#### WORK TO COMPLETE:
Could you retype every line of the data underneath without altering anything?

#### INFORMATION GIVEN:
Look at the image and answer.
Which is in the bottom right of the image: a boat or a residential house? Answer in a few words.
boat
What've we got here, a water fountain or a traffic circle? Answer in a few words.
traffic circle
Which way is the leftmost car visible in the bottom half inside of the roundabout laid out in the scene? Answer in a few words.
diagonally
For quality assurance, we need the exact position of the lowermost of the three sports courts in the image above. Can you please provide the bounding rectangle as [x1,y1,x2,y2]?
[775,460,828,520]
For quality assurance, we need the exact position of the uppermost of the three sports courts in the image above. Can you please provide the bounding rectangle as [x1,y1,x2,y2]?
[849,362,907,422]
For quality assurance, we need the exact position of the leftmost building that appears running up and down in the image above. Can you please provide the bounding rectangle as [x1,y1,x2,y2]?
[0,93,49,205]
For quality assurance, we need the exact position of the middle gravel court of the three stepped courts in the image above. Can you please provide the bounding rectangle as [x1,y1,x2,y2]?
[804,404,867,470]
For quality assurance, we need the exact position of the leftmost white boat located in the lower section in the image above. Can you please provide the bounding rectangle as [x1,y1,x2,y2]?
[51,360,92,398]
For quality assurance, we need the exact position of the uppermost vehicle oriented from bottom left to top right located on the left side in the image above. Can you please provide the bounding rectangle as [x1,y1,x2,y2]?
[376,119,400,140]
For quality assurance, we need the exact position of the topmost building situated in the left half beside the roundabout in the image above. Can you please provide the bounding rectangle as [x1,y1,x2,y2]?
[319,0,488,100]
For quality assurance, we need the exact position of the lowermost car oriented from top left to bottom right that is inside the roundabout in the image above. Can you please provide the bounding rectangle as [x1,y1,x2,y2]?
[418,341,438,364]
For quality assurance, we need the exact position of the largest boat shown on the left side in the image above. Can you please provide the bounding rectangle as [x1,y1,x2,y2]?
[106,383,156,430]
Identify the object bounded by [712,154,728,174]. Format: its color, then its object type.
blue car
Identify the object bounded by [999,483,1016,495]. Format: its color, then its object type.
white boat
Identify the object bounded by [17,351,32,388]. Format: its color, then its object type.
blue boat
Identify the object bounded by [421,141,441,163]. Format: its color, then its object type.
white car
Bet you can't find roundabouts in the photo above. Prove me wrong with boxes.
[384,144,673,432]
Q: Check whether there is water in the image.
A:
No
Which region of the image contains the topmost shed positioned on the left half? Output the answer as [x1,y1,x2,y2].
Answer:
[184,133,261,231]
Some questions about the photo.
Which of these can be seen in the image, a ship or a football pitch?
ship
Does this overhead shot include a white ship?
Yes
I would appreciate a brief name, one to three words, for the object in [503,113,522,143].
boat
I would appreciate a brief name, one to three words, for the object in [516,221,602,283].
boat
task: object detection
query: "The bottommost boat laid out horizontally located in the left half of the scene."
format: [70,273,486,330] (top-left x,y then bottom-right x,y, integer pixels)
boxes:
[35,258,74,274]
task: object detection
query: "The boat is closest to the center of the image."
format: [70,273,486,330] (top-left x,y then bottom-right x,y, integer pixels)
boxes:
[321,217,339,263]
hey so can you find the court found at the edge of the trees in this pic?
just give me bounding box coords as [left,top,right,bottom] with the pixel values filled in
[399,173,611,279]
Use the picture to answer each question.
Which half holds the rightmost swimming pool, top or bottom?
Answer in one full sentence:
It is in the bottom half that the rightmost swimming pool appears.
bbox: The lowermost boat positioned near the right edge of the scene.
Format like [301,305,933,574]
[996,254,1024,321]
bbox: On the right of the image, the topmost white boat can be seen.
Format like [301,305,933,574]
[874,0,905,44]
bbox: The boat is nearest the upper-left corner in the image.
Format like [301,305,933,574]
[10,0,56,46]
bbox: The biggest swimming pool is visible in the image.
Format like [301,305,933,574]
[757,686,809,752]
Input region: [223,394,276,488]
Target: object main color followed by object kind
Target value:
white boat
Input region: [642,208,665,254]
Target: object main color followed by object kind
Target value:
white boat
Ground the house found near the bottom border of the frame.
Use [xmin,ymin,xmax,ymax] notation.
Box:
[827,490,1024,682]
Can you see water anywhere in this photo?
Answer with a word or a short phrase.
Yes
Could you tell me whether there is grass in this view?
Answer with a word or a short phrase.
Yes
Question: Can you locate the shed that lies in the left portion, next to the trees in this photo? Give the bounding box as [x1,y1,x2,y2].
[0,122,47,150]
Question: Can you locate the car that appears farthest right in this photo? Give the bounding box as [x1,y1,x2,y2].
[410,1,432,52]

#### TASK ANSWER:
Look at the image and answer.
Which is in the bottom right of the image: a boat or a residential house? Answer in a few words.
boat
What've we got here, a water fountain or a traffic circle? Answer in a few words.
traffic circle
Which way is the leftmost car visible in the bottom half inside of the roundabout laid out in the scene? Answer in a few words.
diagonally
For quality assurance, we need the exact position of the lowermost of the three sports courts in the image above. Can you please provide the bounding rectangle as [x1,y1,x2,y2]?
[775,460,828,520]
For quality assurance, we need the exact position of the uppermost of the three sports courts in the image above. Can you please provide the bounding rectangle as [x1,y1,x2,y2]?
[849,362,907,422]
For quality assurance, we need the exact position of the leftmost building that appears running up and down in the image above. Can you please provide the bounding rectangle as [x1,y1,x2,y2]?
[0,93,49,205]
For quality assurance, we need the exact position of the middle gravel court of the three stepped courts in the image above. Can you please provide the bounding rectangle as [x1,y1,x2,y2]?
[804,404,867,470]
For quality assurance, we need the exact position of the leftmost white boat located in the lower section in the image above. Can you please provide the bounding rectangle as [x1,y1,x2,y2]?
[51,360,92,398]
For quality assurance, we need the exact position of the uppermost vehicle oriented from bottom left to top right located on the left side in the image above. Can you please provide the bounding rectangle as [x1,y1,x2,y2]?
[376,119,400,140]
For quality assurance, we need the exact position of the topmost building situated in the left half beside the roundabout in the image above. Can you please provide the bounding rectangle as [x1,y1,x2,y2]?
[319,0,488,100]
For quality assurance, we need the exact position of the lowermost car oriented from top left to bottom right that is inside the roundabout in the image above. Can you please provide the bounding rectangle as [x1,y1,x2,y2]?
[418,341,438,364]
For quality assurance, we need the exact position of the largest boat shown on the left side in the image above. Can you please provide the bounding rectangle as [x1,y1,x2,y2]?
[106,383,156,430]
Identify the object bounded by [712,154,728,174]. Format: its color, then its object type.
blue car
Identify the object bounded by [999,483,1016,495]. Format: its color, then its object type.
white boat
Identify the object bounded by [17,351,32,388]. Format: its color, then its object type.
blue boat
Identify the object bounded by [421,141,441,163]. Format: its color, then its object type.
white car
Bet you can't find roundabouts in the photo above. Prove me wrong with boxes.
[384,144,673,432]
Q: Check whether there is water in the image.
A:
No
Which region of the image contains the topmost shed positioned on the left half? Output the answer as [x1,y1,x2,y2].
Answer:
[184,133,261,231]
Some questions about the photo.
Which of these can be seen in the image, a ship or a football pitch?
ship
Does this overhead shot include a white ship?
Yes
I would appreciate a brief name, one to three words, for the object in [503,113,522,143].
boat
I would appreciate a brief name, one to three words, for the object in [516,221,602,283].
boat
task: object detection
query: "The bottommost boat laid out horizontally located in the left half of the scene."
format: [70,273,486,330] (top-left x,y then bottom-right x,y, integer pixels)
boxes:
[35,258,74,274]
task: object detection
query: "The boat is closest to the center of the image."
format: [70,273,486,330] (top-left x,y then bottom-right x,y, integer pixels)
boxes:
[321,217,339,263]
hey so can you find the court found at the edge of the trees in this pic?
just give me bounding box coords as [left,top,right,bottom] with the pixel values filled in
[399,173,611,279]
Use the picture to answer each question.
Which half holds the rightmost swimming pool, top or bottom?
Answer in one full sentence:
It is in the bottom half that the rightmost swimming pool appears.
bbox: The lowermost boat positioned near the right edge of the scene.
Format like [301,305,933,574]
[996,254,1024,321]
bbox: On the right of the image, the topmost white boat can be seen.
Format like [301,305,933,574]
[874,0,905,44]
bbox: The boat is nearest the upper-left corner in the image.
Format like [301,305,933,574]
[10,0,56,46]
bbox: The biggest swimming pool is visible in the image.
Format like [301,305,933,574]
[757,686,809,752]
Input region: [223,394,276,488]
Target: object main color followed by object kind
Target value:
white boat
Input region: [642,208,665,254]
Target: object main color followed by object kind
Target value:
white boat
Ground the house found near the bottom border of the frame.
Use [xmin,ymin,xmax,ymax] notation.
Box:
[827,490,1024,682]
Can you see water anywhere in this photo?
Answer with a word or a short phrase.
Yes
Could you tell me whether there is grass in this view?
Answer with a word or a short phrase.
Yes
Question: Can you locate the shed that lies in the left portion, next to the trees in this photo? Give the bounding box as [x1,y1,x2,y2].
[0,122,47,150]
Question: Can you locate the car that appears farthest right in this photo? Give the bounding box as [x1,y1,x2,y2].
[410,1,432,52]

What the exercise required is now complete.